Fourth, widen your employer map. If you only apply to famous product companies, you are fishing in the most crowded pond. The broader economy still employs the majority of tech talent. Plenty of stable, interesting, well-paid developer work exists outside the companies everyone debates on social media.
Finally, do not confuse recovery with ease. A recovering market is still competitive. It just means the opportunity set is expanding again. The developers who usually benefit first are the ones who can adapt fast enough to meet the market where it actually is, not where it was during the boom.
10. Sources Used
This resource cites the following primary sources and source pages:
- Layoffs.fyi, Tech and Startup Layoff Tracker
- TrueUp, Layoffs Tracker and related search-indexed trend pages
- CompTIA, Tech Hiring Activity Outpaces Expectations, July 3 2025
- CompTIA, Latest Employment Data Confirms an Uneven Tech Hiring Landscape, September 5 2025
- CompTIA, State of the Tech Workforce 2025
- U.S. Bureau of Labor Statistics, Software Developers, Quality Assurance Analysts, and Testers
- U.S. Bureau of Labor Statistics, Industry and Occupational Employment Projections Overview and Highlights, 2024 to 2034
Methodology note: tracker totals vary by source because inclusion rules, timing, geography, and event definitions differ.
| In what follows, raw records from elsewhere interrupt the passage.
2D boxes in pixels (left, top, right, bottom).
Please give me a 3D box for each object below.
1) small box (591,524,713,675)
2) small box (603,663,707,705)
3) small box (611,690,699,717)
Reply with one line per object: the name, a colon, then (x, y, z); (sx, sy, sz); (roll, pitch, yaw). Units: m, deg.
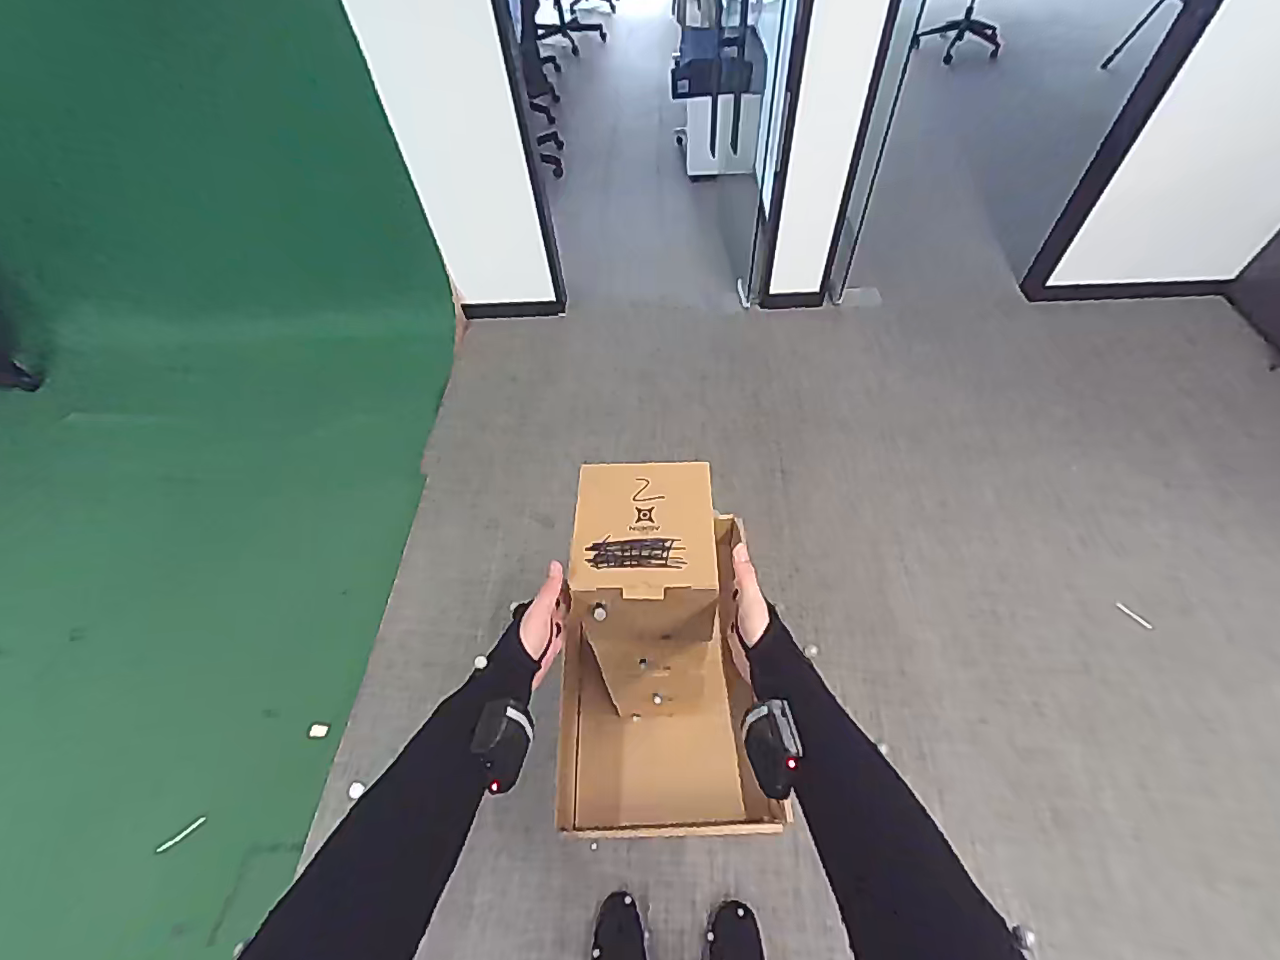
small box: (0.017, 0.186, 0.833); (0.168, 0.176, 0.179); (-3, 54, 1)
small box: (0.026, 0.285, 0.960); (0.168, 0.176, 0.179); (-3, 53, 2)
small box: (0.034, 0.374, 1.099); (0.168, 0.176, 0.179); (-2, 52, 2)
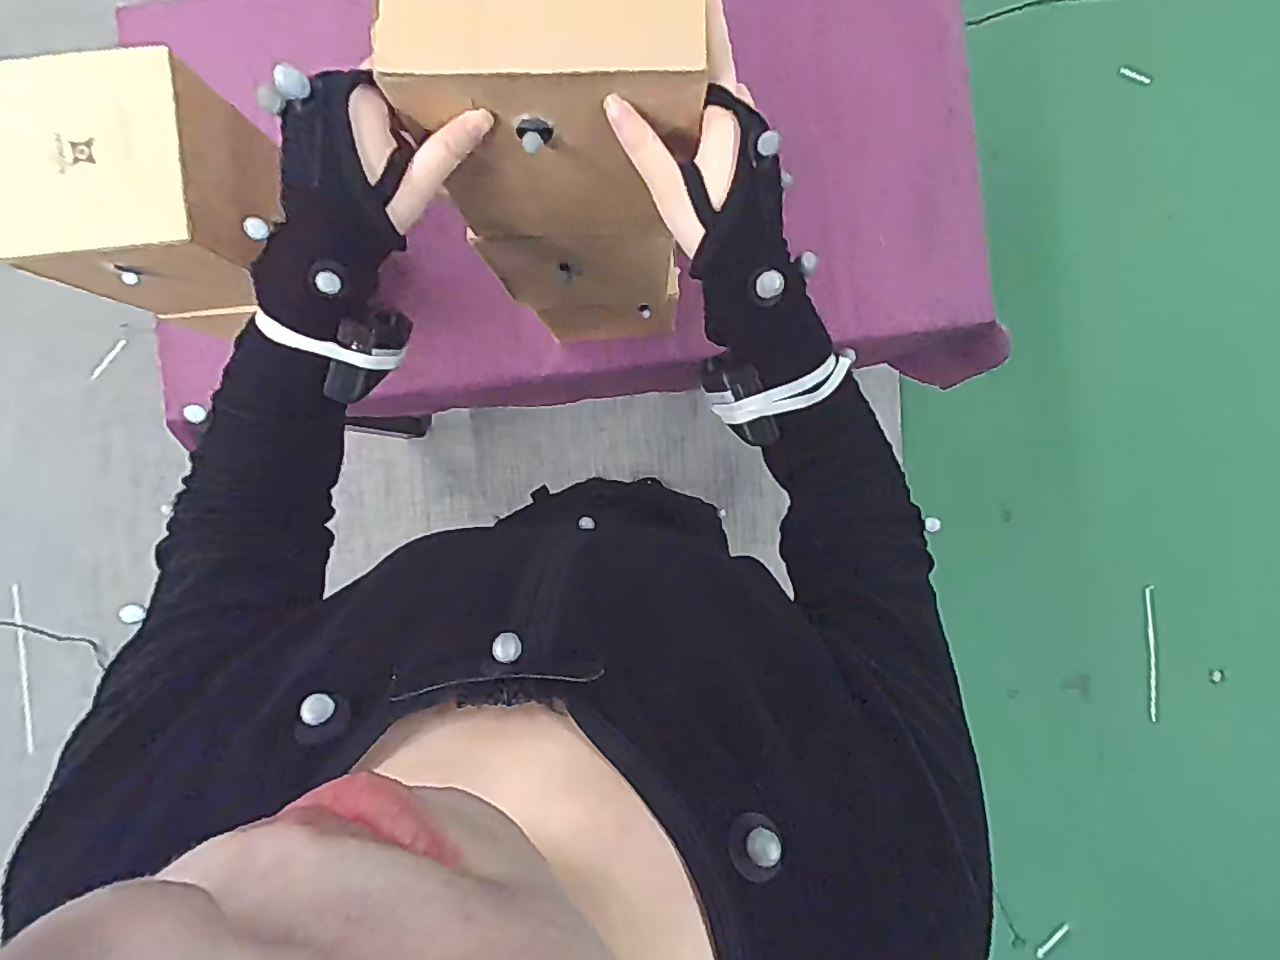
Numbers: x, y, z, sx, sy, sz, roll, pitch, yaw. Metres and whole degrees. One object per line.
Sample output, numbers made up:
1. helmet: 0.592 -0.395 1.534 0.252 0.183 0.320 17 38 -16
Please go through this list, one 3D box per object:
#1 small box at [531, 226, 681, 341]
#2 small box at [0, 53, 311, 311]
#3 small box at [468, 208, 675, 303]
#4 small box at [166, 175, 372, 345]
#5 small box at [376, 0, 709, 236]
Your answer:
1. small box: -0.042 -0.285 0.695 0.179 0.176 0.168 -5 90 1
2. small box: -0.468 -0.276 0.539 0.179 0.176 0.168 -4 92 0
3. small box: -0.053 -0.280 0.530 0.179 0.176 0.168 0 90 2
4. small box: -0.470 -0.278 0.702 0.168 0.176 0.179 -3 91 1
5. small box: -0.048 -0.282 0.363 0.179 0.176 0.168 0 88 1
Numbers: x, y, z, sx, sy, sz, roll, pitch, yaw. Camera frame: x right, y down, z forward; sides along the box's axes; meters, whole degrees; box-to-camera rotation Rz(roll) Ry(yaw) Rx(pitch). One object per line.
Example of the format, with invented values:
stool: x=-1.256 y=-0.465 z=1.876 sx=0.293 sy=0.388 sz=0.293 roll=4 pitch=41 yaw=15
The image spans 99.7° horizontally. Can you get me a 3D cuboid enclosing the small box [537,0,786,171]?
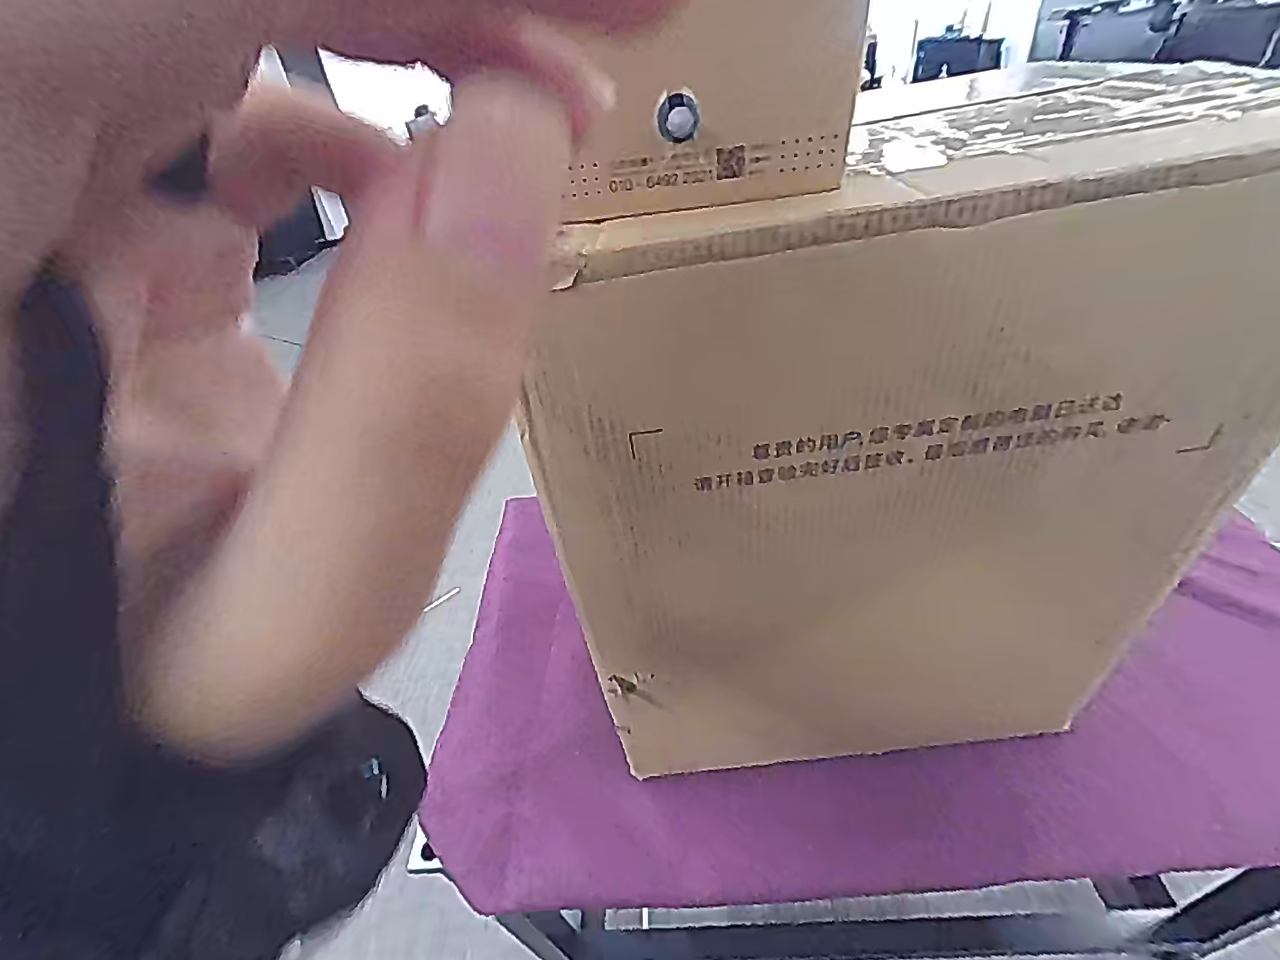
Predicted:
small box: x=0.015 y=-0.367 z=0.437 sx=0.179 sy=0.176 sz=0.168 roll=-7 pitch=38 yaw=2
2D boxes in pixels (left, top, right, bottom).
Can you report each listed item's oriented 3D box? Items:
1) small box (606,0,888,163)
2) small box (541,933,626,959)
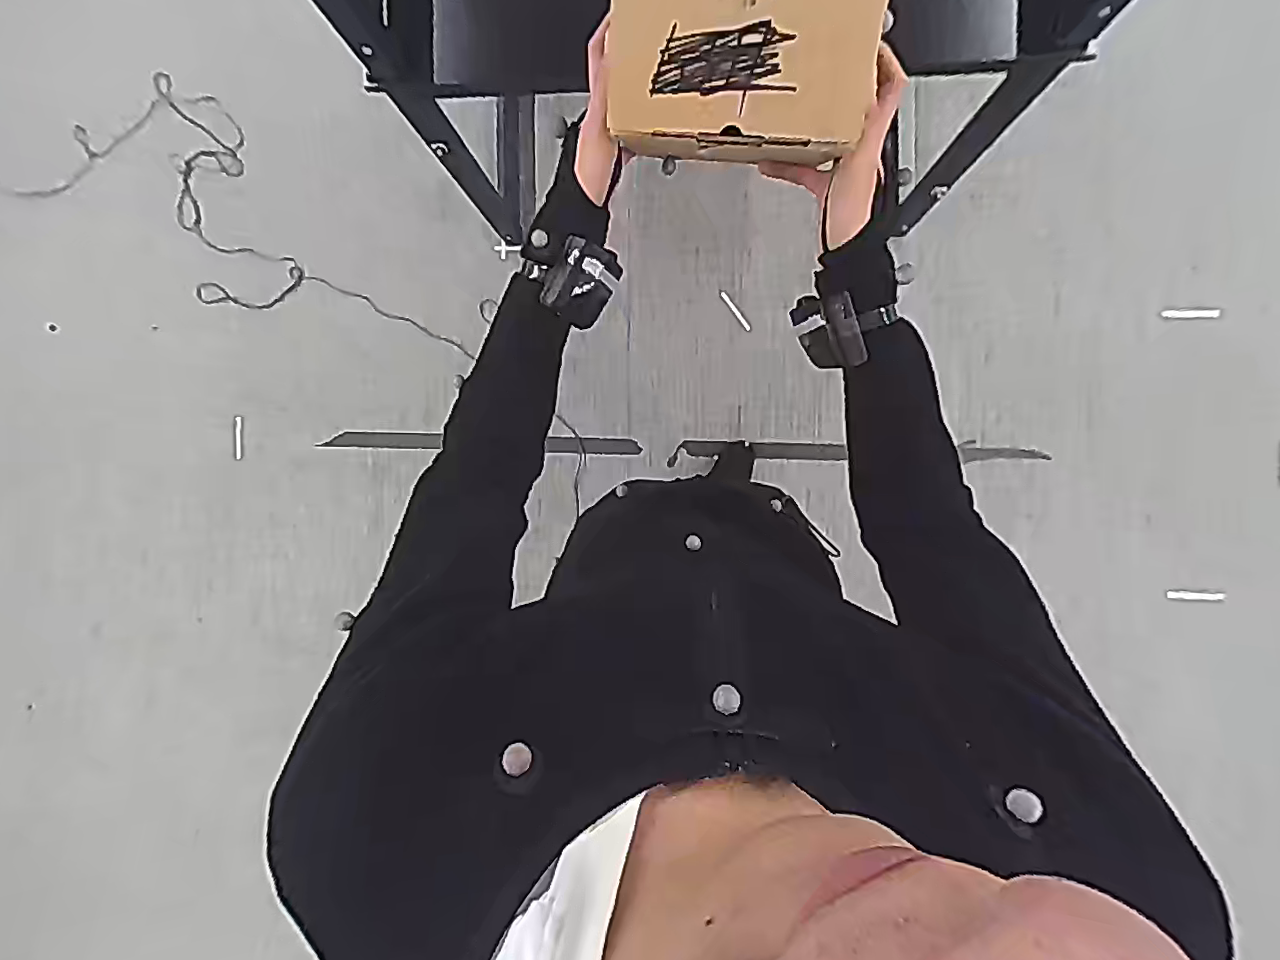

Where source totals conflict, this page reports the figures transparently instead of flattening them into one false-precision number.
11. Bottom Line
So, is tech recovering from the layoff wave? Yes, but unevenly.
The cuts are still real. Tens of thousands of people are still getting hit, and some companies are clearly not done restructuring. But the broader data does not support the claim that software development is in permanent decline. Tech unemployment remained low. Active job postings stayed high enough to matter. Software developers kept leading demand categories. AI hiring accelerated. Long-term employment projections stayed strong. And replacement demand alone points to hundreds of thousands of openings a year.
If you are waiting for the exact market conditions of 2021 to come back, you may be waiting a long time. That was a bubble, not a baseline. But if you are trying to understand whether there is still a durable career here for disciplined developers, the answer is absolutely yes. The recovery is not about easy hiring. It is about a healthier, more selective market where real skills matter more than hype.
The developers who will benefit most from this recovery are not the ones with the fanciest employer logos in their past. They are the ones who can connect business needs to shipped software, learn the tools companies are funding right now, and move faster than the average applicant. Markets like this punish passivity. They reward clarity.
That is uncomfortable if you were depending on hype. It is good news if you are willing to become hard to ignore.